I'm a Python programmer. I fully expect dict keys to be able to be arbitrary objects. But after coding a lot in JS, I realized I could live without it. It's nice, but it's not a show stopper if I don't have it.

Same goes here. Yes, typing is not as good as you wish it was, but Elm is a young language, give it time to evolve. In the meantime, what about the innovative things in it ?

6 comments

> I'm a Python programmer. I fully expect dict keys to be able to be arbitrary objects.

I'm a Python programmer too, and I also fully expect dict keys to be able to be arbitary objects, and I get really frustrated with the fact that they can't be arbitary objects. They have to be hashable objects, and the hash function refuses to hash certain objects that it has decided aren't allowed.

Well, you cannot use a mutable object as a key without some help. What would you expect to happen if the object is modified after being inserted into the dictionary?

If you have a list or dictionary you want to use a key, you can convert it into a tuple which would make it immutable.

If you don't care about performance for larger collections you could just use a list instead of a dictionary, which does not require hashing. Changes to the original mutable object will also be reflected in your list.

  > What would you expect to happen if the object is modified after being inserted into the dictionary?
I would expect it to continue to use the object. Why would it matter if it was mutated or not?

You can try it right in your browser with Javascript and the Map() object type. You can mutate the object all you want, as long as it's the same object(-reference) you access the same value in the Map object. Just as I would expect. "Mutable" doesn't change which object you have, only what it looks like inside.
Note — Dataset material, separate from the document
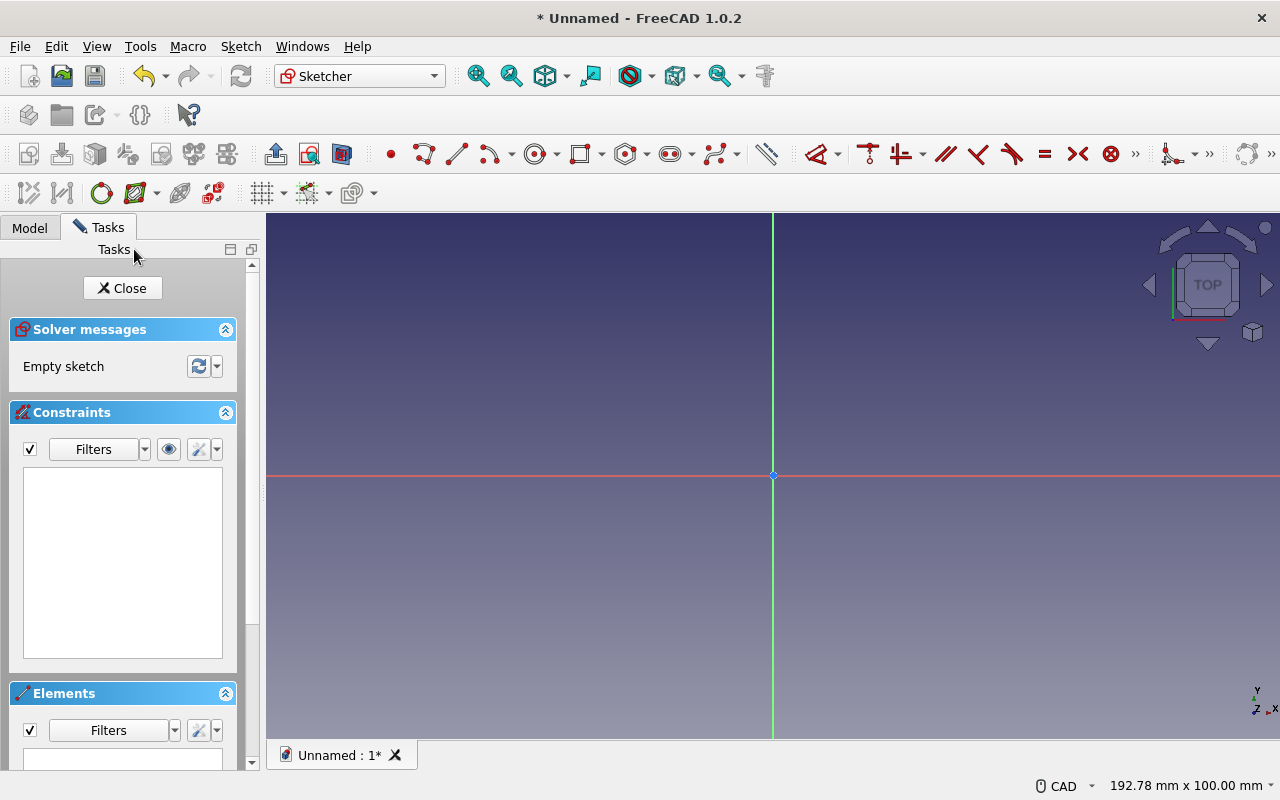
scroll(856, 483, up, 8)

This is where Pythonistas rely on the idea that "we're all consenting adults here". It's very useful to let objects assert that they have an arbitrary, immutable hash value. I've used that ability in Python and it solved problems that would have been very challenging otherwise. Of course, that ability also leads to undocumented behavior if hash values change. Python coders expect dicts to behave in undocumented ways when object hashes change, but it would be a bug if that led to a segfault or a C assertion failure.
I'm genuinely curious how/why this is a problem for Python yet I've never heard of it being a problem for C#. In C# you can override Object.GetHashCode(), and there's no way in C# to even express the constraint/desire "the result of GetHashCode doesn't change (especially after insertion into a container)". Yet I've never heard of anyone in C# having a problem using mutable objects in sets or dictionaries?
To be honest, most Python coders probably never get deep enough in the language to start overriding hash values, and those who do probably understand the implications before they get that deep.
This fundamentally reduces the usefulness of hash representations though. Instead of thinking of dict keys, think sets.

It's also worth pointing out that user-defined objects operate the way you seem to desire (e.g. default to using the id() property of the object to derive the hash). So in my mind, this strikes the perfect balance?

StdLib types that are immutable bake in more comparative hash properties while making it trivial for a user to wrap them and override this richer behavior with default hash based on id().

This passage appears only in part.